Unlikely Match: A Long-Term Investor’s View of the Top 3 Cryptocurrencies | The Motley Fool
When it comes to creating a long-term buy-and-hold strategy, many investors whiten the idea of adding cryptocurrencies to their portfolios. Yes, crypto is a highly volatile and speculative asset class, so adding it to an investment portfolio that you expect to generate superior long-term gains might seem like an unlikely pairing.
However, many of the top cryptos are starting to develop a track record of success. Bitcoin (BTC 2.51%)for example, recently celebrated its 14th birthday. Ethereum (ETH 2.75%) was announced by blockchain pioneer Vitalik Buterin nearly nine years ago. These cryptos have seen their share of market corrections and crashes and have become the most popular investment options for crypto investors. With that in mind, here is a long-term investment perspective on three of the top cryptocurrencies.
Bitcoin was, quite literally, the first buy-and-hold cryptocurrency (although Bitcoin investors prefer to use the term HODL instead of “hold”). And for good reason. If you bought Bitcoin in 2009 and held it so far, you would have risen by 16,979.47%. Additionally, Bitcoin has repeatedly rebounded from market setbacks and even stock market crashes. If you thought 2022 was tough, go back to 2018 when Bitcoin fell 73%.
Taking a long-term perspective on Bitcoin, there are two reasons to be optimistic about the future of this crypto. The first is that Bitcoin has a fixed coin supply. Only 21 million bitcoins can be created, they will only become rarer and more valuable over time. This is due to the algorithmic nature of Bitcoin, which specifically defines how much Bitcoin can be mined. It is for this reason that people refer to Bitcoin as digital gold. Just as the Earth’s supply of gold is limited, so is the Earth’s supply of Bitcoin.
The other reason to be optimistic about Bitcoin’s long-term prospects is that it is increasingly integrated into the global economy. So, by investing in Bitcoin, you gain access to tremendous global diversification. Currently, only a handful of countries like El Salvador are fully adopting Bitcoin. However, diehard Bitcoin bulls believe that crypto will eventually replace fiat currencies in the global financial system and that all nations will eventually rely on Bitcoin in one form or another.
Ethereum, like Bitcoin, has provided superior returns over its lifetime. If you had invested in Ethereum in 2015, you would now be up 56,832.35%. What makes Ethereum so attractive to long-term investors is its utility. While Bitcoin is primarily just an online payment option, Ethereum provides the blockchain infrastructure for developers to build apps, games, metaverse worlds, and just about anything you can imagine related to. Web3. Ethereum introduced the world to smart contracts, non-fungible tokens (NFTs), and decentralized finance (DeFi), so its reputation as an innovator is well-earned.
You could also argue that Ethereum is now built for the long haul, given its recent technology upgrade. Before The Merge, Ethereum was relatively energy-intensive, slow, and inefficient.
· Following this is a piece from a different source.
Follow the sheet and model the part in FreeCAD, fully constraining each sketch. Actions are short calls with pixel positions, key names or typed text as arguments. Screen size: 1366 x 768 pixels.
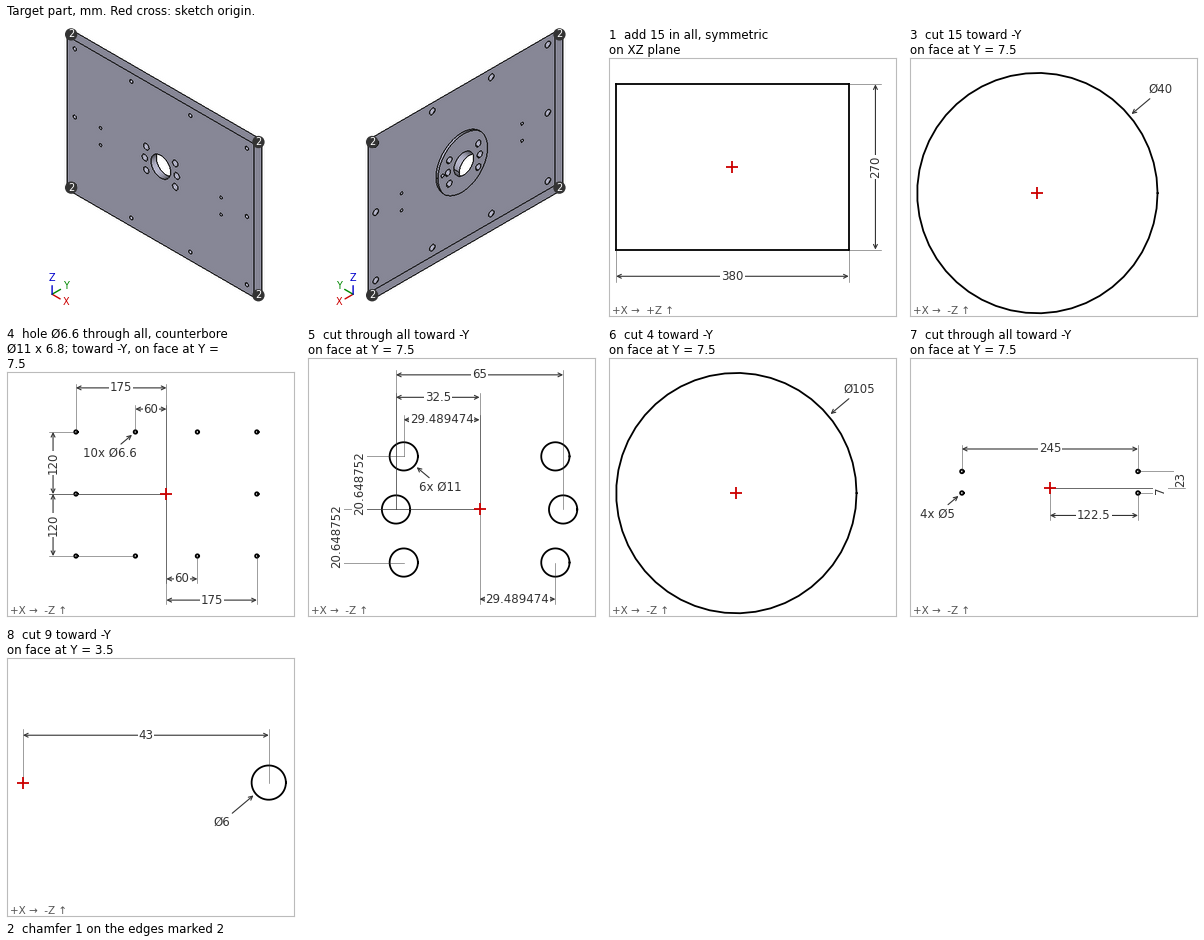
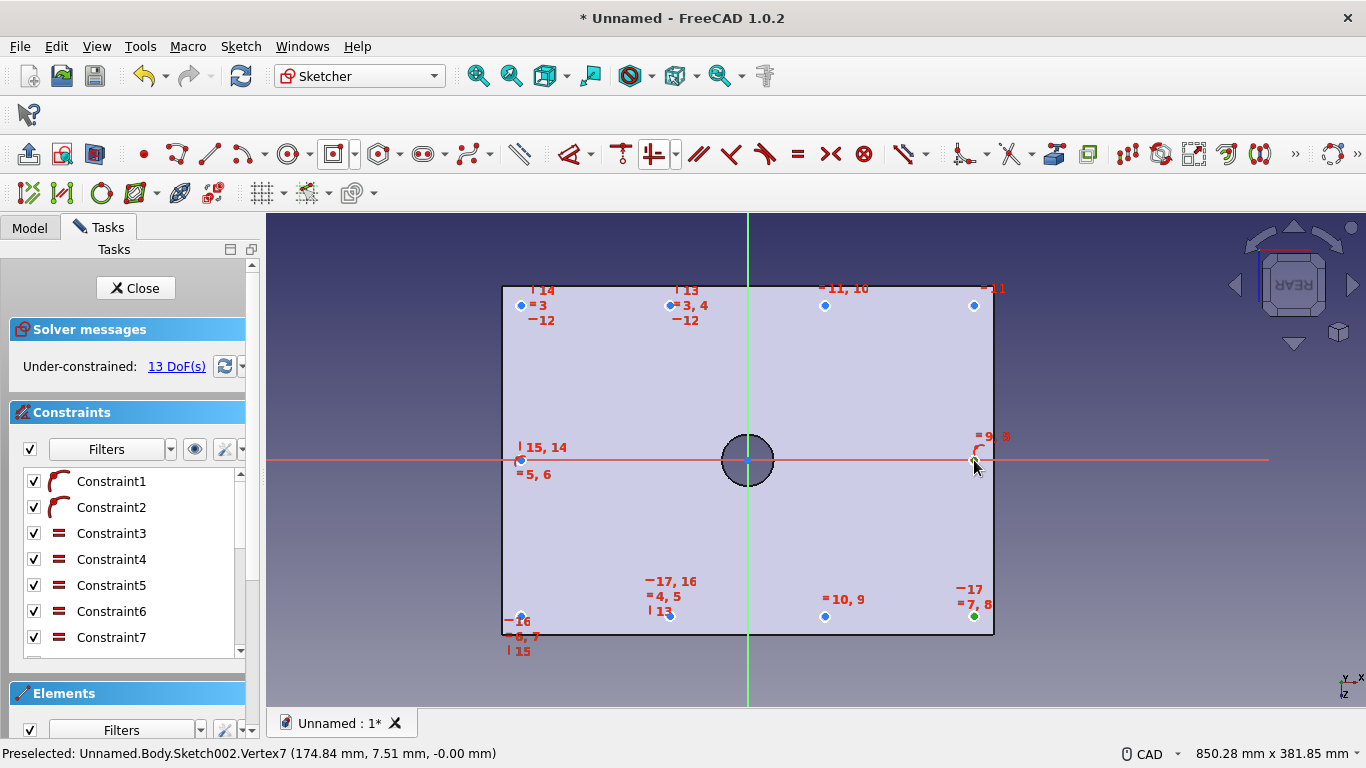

After the merger, Ethereum’s power consumption is expected to drop by 99.9% and it will become faster, more cost-effective, and more efficient. Investors no longer have to worry so much about a new upstart challenger toppling Ethereum from its position as the premier layer-1 blockchain network.
Finally, there is Binance (IN B 3.49%), which now has a market capitalization of nearly $50 billion. While many investors think of Binance As the largest cryptocurrency exchange in the world, Binance is much more than that. Binance is a layer 1 blockchain, just like Ethereum, and that means people can build on top of Binance, just like Ethereum. This has spawned a very vibrant blockchain ecosystem that includes a popular stablecoin, as well as apps, games, and Web3 projects. Binance is well known in the crypto world for incubating new projects and coins.
However, as we have seen with the recent FTX (FTT 1.52%) collapse, Binance’s truly global reach in all aspects of the crypto world means it often clashes with competitors and rivals in unexpected ways. In FTX’s case, that meant an epic showdown with former FTX CEO Sam Bankman-Fried. In other cases, it means Binance occasionally clashes with national regulators and law enforcement officials, such as the ongoing US investigation of Binance for potential money laundering. Based on Binance’s extensive legal and regulatory risks, I’m somewhat skeptical that Binance will retain its market-leading position over the next 20 years, so I can’t recommend it as a long-term investment.
The Case for Buying and Holding Bitcoin
Of the three cryptos here, Bitcoin has the clearest path to becoming a trusted part of your long-term portfolio. It’s the undisputed market leader by market capitalization, it’s a favorite of retail and institutional investors, and it has a true long-term global growth strategy that extends to 2140, when the last bitcoin will be extracted. If there’s only one crypto to add to your long-term portfolio that you can buy and hold forever, it’s Bitcoin.